[Problem statement]
Every line in the data below from the one containing "Step 4: click (554, 1203)" down to the one containing "Step 8: click (56, 1039)", both included, must be retyped exactly; no other line is to appear.

[Dataset items]

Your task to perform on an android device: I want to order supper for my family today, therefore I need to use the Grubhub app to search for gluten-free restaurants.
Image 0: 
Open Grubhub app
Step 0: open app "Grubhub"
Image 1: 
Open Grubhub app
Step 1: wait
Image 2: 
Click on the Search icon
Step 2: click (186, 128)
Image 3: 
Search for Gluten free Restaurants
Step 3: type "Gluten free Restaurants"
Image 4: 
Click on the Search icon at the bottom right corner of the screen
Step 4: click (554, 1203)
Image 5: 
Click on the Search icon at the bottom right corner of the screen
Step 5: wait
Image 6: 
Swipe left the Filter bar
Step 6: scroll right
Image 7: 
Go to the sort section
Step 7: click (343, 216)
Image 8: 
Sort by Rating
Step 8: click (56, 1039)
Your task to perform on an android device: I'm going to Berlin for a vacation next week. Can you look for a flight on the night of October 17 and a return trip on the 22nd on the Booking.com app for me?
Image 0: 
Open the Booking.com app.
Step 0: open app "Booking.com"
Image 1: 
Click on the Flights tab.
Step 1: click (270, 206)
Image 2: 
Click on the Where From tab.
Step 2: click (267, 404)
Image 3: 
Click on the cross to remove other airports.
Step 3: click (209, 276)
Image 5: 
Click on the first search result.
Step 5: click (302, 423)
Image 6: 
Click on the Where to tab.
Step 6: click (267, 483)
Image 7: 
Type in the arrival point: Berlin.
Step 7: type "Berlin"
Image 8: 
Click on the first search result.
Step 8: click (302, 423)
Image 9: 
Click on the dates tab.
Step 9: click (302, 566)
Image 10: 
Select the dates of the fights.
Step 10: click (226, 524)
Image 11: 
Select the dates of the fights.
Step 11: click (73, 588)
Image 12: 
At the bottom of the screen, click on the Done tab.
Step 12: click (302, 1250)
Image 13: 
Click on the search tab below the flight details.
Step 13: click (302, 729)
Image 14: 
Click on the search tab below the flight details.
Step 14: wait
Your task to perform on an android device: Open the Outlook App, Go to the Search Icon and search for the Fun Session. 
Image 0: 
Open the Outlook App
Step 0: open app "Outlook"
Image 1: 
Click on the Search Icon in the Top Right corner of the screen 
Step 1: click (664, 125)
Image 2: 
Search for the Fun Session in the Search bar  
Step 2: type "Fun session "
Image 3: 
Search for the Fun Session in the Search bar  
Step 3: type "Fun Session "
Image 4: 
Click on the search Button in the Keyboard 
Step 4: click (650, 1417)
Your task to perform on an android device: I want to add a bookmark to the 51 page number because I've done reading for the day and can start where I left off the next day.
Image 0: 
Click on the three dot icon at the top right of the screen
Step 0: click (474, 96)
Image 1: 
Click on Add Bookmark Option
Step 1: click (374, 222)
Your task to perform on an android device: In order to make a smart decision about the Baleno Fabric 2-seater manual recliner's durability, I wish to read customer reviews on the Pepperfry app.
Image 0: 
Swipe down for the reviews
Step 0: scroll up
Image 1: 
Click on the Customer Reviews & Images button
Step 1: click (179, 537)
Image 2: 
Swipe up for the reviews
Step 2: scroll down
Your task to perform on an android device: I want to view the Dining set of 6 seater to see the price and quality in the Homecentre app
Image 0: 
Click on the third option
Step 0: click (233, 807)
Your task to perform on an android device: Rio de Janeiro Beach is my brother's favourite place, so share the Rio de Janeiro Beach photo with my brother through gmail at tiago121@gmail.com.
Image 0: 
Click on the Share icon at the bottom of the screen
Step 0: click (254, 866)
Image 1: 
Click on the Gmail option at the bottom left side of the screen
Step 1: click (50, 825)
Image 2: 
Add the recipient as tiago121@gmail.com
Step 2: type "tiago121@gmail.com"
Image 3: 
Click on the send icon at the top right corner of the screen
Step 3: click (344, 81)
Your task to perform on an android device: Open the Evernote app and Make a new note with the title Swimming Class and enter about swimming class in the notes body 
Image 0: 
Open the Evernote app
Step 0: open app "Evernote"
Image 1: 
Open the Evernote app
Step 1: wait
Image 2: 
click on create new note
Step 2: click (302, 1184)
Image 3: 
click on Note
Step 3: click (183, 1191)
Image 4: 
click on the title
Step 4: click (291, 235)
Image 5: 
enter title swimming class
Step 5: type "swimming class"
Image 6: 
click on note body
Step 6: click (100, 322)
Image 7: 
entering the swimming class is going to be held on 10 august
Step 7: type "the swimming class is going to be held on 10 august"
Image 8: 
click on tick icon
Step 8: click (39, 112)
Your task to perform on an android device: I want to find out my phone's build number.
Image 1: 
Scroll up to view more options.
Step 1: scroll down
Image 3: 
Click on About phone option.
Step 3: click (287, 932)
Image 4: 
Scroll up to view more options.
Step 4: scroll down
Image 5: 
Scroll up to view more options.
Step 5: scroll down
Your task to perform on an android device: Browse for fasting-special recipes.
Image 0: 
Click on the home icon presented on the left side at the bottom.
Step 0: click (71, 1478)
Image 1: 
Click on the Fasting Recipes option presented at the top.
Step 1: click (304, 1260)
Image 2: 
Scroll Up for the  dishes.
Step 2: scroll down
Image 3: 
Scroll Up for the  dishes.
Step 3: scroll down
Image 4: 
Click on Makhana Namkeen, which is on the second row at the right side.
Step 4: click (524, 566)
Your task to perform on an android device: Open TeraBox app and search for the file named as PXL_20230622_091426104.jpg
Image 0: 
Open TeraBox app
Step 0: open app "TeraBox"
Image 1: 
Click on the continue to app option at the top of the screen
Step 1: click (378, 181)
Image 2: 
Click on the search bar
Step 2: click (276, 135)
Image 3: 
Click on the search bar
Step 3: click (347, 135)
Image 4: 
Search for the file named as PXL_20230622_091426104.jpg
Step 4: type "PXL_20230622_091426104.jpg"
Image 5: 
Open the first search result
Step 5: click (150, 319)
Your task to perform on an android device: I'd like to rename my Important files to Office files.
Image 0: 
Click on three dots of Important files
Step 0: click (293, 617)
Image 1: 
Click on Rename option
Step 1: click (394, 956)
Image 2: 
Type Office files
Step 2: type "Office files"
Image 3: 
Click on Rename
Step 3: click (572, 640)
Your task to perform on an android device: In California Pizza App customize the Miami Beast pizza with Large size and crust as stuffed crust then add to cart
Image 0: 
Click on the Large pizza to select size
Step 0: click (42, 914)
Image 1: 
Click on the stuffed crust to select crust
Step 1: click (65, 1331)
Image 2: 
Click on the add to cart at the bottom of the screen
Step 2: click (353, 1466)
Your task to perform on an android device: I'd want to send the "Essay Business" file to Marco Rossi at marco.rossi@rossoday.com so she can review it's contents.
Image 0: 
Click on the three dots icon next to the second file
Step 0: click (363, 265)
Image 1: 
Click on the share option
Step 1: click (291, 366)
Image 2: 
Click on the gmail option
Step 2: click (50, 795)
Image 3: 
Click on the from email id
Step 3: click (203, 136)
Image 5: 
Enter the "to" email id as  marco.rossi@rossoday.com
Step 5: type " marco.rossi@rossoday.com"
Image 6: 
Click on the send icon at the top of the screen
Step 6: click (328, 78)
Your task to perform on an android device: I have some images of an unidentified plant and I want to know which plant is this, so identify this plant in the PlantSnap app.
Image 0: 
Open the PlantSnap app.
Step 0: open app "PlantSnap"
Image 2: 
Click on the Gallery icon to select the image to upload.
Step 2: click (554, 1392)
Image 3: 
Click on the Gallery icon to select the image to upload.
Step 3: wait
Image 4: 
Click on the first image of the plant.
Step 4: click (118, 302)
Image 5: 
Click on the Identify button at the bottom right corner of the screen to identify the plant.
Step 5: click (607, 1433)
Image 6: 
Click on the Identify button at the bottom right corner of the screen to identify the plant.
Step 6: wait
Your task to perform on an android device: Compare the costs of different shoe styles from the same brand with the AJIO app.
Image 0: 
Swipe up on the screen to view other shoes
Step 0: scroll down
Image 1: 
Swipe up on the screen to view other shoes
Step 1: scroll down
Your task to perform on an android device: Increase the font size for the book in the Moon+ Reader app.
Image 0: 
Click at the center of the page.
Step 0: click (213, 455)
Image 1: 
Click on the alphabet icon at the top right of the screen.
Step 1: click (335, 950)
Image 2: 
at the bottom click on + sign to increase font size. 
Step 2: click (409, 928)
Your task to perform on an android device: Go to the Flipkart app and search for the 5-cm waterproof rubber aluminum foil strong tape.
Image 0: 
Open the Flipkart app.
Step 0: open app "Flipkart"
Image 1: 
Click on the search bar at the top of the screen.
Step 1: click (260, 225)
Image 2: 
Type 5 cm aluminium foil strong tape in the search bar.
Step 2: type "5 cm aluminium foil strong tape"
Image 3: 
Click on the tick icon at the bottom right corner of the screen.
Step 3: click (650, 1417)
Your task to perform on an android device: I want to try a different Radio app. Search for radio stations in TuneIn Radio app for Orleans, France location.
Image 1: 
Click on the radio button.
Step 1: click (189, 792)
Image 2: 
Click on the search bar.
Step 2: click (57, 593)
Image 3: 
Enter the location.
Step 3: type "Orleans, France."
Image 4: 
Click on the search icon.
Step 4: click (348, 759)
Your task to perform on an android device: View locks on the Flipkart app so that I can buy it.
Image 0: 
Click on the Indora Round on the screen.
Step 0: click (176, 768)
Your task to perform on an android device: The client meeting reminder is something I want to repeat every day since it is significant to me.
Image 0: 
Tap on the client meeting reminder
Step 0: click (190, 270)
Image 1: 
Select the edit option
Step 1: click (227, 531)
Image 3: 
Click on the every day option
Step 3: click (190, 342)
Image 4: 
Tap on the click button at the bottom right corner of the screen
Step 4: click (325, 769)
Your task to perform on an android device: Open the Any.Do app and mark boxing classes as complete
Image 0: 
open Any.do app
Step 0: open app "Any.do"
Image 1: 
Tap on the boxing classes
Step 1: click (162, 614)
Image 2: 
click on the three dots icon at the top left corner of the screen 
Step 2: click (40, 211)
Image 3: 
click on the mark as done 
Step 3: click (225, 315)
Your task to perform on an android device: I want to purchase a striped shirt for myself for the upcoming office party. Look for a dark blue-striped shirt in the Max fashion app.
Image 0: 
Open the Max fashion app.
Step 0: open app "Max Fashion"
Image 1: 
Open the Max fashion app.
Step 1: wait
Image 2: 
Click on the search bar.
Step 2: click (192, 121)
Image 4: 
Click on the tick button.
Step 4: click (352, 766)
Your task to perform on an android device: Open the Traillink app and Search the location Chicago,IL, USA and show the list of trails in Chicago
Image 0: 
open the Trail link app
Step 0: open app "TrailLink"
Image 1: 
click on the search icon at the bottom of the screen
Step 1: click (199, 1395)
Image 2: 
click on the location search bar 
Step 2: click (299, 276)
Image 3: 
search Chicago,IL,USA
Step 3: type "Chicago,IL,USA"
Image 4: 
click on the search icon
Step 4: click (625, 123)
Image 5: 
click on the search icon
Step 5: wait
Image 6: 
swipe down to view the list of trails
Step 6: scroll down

[Task answer]
Step 4: click (554, 1203)
Image 5: 
Click on the Search icon at the bottom right corner of the screen
Step 5: wait
Image 6: 
Swipe left the Filter bar
Step 6: scroll right
Image 7: 
Go to the sort section
Step 7: click (343, 216)
Image 8: 
Sort by Rating
Step 8: click (56, 1039)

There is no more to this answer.